I’m creating an app to process images through various models and trying to find the best approach to handle this using Ray. I’m looking for something with the best performance. The basic pipeline looks like:

Read in image
Preprocessing step (cpu)
Run Model (gpu)
Post Processing step (cpu)
Write result

The options I see are:

Use a Dataset to read the images in and then map each subsequent step to the dataset. This is what I am currently doing. It works nicely but there seems to be a delay in startup time for the Dataset which isn’t ideal. Also, maybe not the most efficient for just 1-off images?
Composition, as described here: Deploy Compositions of Models — Ray 2.38.0
Ray workflows. These may be too new for now. Ray Workflows: Durable Ray Task Graphs — Ray 2.38.0

Akshay_Malik · November 14, 2024, 3:41pm

What is the scale and SLA you are working with here?

Josiah_Reeves · November 18, 2024, 4:12pm

10-50 frame videos with several hundred videos concurrently processing. Priority is processing speed however initial startup delays are ok. Second, I want to make sure the gpu is being fully saturated, reading and processing the inputs should be as fast as possible. And finally some fault tolerance would be ideal.

I have a fast working pipeline using Datasets but the map method can be somewhat limiting and maping multiple Classes adds a noticeable delay to each deployment call (not just an initial startup delay). I did a small test with just ray.remote functions which had comparable performance to the Dataset however it seems to run into more crashes (possibly an implementation issue on my end) which is problematic if a few frames don’t get processed in a video.

It seems like the new workflows is just ray.remote but with better fault tolerance?

Josiah_Reeves · November 21, 2024, 10:03pm

@Akshay_Malik I put together this comparison. It seems like ray.remote is faster but possibly could have some issues with resources.

import ray
from ray import data
from ray.serve.handle import DeploymentHandle, DeploymentResponse
import numpy as np

import asyncio
from pathlib import Path
from PIL import Image
from time import perf_counter_ns

# Start Ray
ray.init()


# =========================== Example Model ===========================

from ray import serve
import torch
import torchvision.transforms.functional as F
import torchvision.models as models


@serve.deployment(
    logging_config=dict(log_level="ERROR"),
    ray_actor_options={"num_gpus": 1.0, "num_cpus": 1.0},
)
class ResnetModel:
    def __init__(self):
        self.weights = models.ViT_H_14_Weights.DEFAULT
        self.model = models.vit_h_14(weights="DEFAULT").cuda()
        self.model.eval()

        self.preprocess = self.weights.transforms()

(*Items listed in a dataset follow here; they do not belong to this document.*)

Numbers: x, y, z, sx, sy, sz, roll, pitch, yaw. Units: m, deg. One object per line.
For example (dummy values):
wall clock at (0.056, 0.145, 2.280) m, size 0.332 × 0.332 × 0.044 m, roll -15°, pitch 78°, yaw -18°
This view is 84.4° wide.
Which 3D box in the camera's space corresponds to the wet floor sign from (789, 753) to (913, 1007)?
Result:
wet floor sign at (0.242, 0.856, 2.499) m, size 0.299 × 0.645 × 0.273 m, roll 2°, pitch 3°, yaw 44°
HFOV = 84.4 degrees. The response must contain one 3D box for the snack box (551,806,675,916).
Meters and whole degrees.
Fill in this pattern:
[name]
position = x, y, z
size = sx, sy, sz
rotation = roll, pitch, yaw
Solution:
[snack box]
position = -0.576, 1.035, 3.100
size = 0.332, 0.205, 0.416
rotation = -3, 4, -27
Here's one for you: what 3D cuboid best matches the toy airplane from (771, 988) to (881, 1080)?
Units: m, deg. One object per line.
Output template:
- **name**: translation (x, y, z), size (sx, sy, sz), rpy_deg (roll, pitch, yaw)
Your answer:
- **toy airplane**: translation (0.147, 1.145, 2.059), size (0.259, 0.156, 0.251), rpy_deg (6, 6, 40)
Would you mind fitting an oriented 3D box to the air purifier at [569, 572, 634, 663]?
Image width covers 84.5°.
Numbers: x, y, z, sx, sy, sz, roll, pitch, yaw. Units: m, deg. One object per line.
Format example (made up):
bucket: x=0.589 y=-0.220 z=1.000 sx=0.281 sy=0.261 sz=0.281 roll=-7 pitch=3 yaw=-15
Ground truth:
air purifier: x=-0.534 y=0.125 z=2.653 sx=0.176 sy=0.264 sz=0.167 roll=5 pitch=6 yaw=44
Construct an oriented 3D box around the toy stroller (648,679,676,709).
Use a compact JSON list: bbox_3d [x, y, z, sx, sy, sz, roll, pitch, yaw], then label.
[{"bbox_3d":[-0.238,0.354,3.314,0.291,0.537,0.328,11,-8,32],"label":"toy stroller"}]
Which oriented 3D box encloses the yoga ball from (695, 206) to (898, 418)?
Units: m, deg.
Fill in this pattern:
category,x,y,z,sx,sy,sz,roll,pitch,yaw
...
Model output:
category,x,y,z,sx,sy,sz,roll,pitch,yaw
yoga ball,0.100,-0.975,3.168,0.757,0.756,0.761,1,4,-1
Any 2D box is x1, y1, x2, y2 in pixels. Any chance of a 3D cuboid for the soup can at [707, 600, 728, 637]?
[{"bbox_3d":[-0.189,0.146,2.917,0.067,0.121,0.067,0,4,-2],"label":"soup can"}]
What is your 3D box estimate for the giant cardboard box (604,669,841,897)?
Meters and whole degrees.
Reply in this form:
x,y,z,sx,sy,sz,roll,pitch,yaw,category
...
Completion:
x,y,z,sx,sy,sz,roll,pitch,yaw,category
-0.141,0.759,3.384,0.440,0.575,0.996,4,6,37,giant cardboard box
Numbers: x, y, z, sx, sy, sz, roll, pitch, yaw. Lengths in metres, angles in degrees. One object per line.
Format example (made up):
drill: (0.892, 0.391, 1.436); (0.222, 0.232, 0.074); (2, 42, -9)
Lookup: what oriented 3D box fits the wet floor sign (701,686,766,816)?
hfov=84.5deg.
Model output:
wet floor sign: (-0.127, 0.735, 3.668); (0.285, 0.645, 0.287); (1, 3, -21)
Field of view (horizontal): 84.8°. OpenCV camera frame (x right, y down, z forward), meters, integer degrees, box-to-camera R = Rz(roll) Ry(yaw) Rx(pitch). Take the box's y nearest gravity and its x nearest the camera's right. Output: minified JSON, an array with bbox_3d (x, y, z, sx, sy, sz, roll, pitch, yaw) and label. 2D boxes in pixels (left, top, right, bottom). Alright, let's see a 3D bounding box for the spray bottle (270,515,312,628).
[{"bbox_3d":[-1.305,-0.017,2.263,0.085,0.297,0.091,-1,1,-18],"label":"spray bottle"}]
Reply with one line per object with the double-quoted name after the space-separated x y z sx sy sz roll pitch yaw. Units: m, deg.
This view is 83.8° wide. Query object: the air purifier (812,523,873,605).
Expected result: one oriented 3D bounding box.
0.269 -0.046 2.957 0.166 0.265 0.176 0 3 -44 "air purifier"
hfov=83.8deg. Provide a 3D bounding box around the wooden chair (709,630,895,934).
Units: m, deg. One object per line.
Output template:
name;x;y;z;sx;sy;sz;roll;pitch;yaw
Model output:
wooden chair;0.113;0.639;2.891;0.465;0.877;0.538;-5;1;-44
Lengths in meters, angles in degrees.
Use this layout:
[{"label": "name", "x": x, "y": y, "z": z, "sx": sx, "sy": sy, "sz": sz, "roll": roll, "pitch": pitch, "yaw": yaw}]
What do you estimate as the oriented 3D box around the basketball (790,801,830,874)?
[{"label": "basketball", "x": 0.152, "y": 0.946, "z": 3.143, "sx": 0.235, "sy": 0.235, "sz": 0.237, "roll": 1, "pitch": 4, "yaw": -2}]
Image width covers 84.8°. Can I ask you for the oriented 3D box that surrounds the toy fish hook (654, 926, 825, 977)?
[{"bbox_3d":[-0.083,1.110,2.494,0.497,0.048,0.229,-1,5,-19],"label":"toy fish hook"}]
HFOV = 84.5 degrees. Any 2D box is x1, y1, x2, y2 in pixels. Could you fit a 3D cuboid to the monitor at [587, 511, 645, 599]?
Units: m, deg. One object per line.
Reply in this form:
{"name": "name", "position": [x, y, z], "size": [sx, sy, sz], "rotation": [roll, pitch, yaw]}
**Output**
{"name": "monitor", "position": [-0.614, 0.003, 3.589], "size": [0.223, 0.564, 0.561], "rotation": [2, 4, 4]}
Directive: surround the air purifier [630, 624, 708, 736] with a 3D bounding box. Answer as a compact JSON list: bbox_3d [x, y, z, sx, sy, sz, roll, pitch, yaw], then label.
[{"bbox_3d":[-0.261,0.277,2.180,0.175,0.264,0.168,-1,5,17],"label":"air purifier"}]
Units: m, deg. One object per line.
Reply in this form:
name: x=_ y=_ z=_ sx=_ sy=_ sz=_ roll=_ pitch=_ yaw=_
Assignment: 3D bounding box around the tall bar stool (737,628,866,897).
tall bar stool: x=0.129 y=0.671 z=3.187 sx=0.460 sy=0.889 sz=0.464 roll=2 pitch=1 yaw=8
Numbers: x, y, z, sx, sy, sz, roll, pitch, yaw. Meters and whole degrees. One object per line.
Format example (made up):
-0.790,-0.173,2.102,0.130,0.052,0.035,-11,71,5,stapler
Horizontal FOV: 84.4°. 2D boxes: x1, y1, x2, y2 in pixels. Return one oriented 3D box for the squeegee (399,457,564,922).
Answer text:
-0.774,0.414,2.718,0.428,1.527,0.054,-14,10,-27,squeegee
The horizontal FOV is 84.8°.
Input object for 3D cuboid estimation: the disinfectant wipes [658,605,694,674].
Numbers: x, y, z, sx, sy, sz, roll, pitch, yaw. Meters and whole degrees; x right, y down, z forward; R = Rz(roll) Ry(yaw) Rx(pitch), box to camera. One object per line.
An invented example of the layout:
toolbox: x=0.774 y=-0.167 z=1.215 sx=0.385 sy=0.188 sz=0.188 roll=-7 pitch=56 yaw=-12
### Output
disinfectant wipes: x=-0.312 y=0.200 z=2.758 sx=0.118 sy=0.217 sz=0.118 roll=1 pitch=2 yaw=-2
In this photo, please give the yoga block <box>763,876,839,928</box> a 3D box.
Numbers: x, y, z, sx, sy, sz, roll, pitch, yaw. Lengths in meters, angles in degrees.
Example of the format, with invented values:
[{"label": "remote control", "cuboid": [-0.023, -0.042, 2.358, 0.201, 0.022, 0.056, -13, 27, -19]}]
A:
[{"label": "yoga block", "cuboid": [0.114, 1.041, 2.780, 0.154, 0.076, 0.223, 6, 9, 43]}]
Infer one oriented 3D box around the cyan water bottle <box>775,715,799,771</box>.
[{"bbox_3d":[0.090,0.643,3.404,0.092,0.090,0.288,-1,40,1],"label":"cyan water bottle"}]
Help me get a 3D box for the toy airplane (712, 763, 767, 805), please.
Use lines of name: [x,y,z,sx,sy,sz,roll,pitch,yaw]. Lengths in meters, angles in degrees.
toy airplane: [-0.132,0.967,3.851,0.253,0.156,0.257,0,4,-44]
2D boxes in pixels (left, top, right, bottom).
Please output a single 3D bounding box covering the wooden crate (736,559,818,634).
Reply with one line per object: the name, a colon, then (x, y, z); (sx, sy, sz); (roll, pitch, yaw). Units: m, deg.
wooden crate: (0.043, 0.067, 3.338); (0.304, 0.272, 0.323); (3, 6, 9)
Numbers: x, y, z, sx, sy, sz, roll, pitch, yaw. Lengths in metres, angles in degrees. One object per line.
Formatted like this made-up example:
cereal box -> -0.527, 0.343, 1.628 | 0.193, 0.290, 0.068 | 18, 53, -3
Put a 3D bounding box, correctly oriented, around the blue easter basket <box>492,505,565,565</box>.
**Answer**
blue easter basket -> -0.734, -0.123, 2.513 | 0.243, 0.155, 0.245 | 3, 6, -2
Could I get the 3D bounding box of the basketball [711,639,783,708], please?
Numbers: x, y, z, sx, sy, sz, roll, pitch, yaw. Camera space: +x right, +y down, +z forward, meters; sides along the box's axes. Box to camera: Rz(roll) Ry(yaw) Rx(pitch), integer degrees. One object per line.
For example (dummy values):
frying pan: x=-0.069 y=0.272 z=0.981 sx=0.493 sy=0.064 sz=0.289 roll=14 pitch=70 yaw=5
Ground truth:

    @torch.inference_mode()
    async def __call__(self, x):
        x = self.preprocess(F.to_tensor(x)).unsqueeze(0).cuda()
        return self.model(x).detach().cpu().numpy()


# Deploy the model
handle = serve.run(ResnetModel.bind())

# =========================== Dummy Data ===========================


def _cleanup(temp_dir):
    for f in temp_dir.iterdir():
        if f.is_file():
            f.unlink()

        if f.is_dir():
            _cleanup(f)
    temp_dir.rmdir()


dummy_data = np.random.rand(20, 3, 1024, 1024)

temp_dir = Path("temp")

if temp_dir.exists():
    _cleanup(temp_dir)

input_dir = temp_dir / "input"
input_dir.mkdir(parents=True)

output_dir = temp_dir / "output"
output_dir.mkdir(parents=True)

for i, x in enumerate(dummy_data):
    im = Image.fromarray((x * 255).astype(np.uint8).transpose(1, 2, 0))
    im.save(input_dir / f"{i}.png")

# =========================== Dataset ===========================


def _resnet2img(res):
    dim = int(np.sqrt(res.shape[-1]))

    res = res[:, : dim * dim].reshape(dim, dim)
    res = (res * 255).astype(np.uint8)
    res = np.stack([res] * 3, axis=-1)
    res = Image.fromarray(res[..., :3])
    return res


def _test_dataset(dir):

    def get_model_result(row, handle):
        x = row["image"]
        result = handle.remote(x).result()
        row["pred"] = result
        return row

    def preprocess_fn(row):
        row["image"] = row["image"] + 1
        return row

    def write_fn(row, dir):
        result = row["pred"]
        pred = _resnet2img(result)
        idx = Path(row["path"]).stem.split(".")[0]
        pred.save(dir / f"{idx}_pred.png")
        return row

    handle = serve.get_deployment_handle("ResnetModel", app_name="default")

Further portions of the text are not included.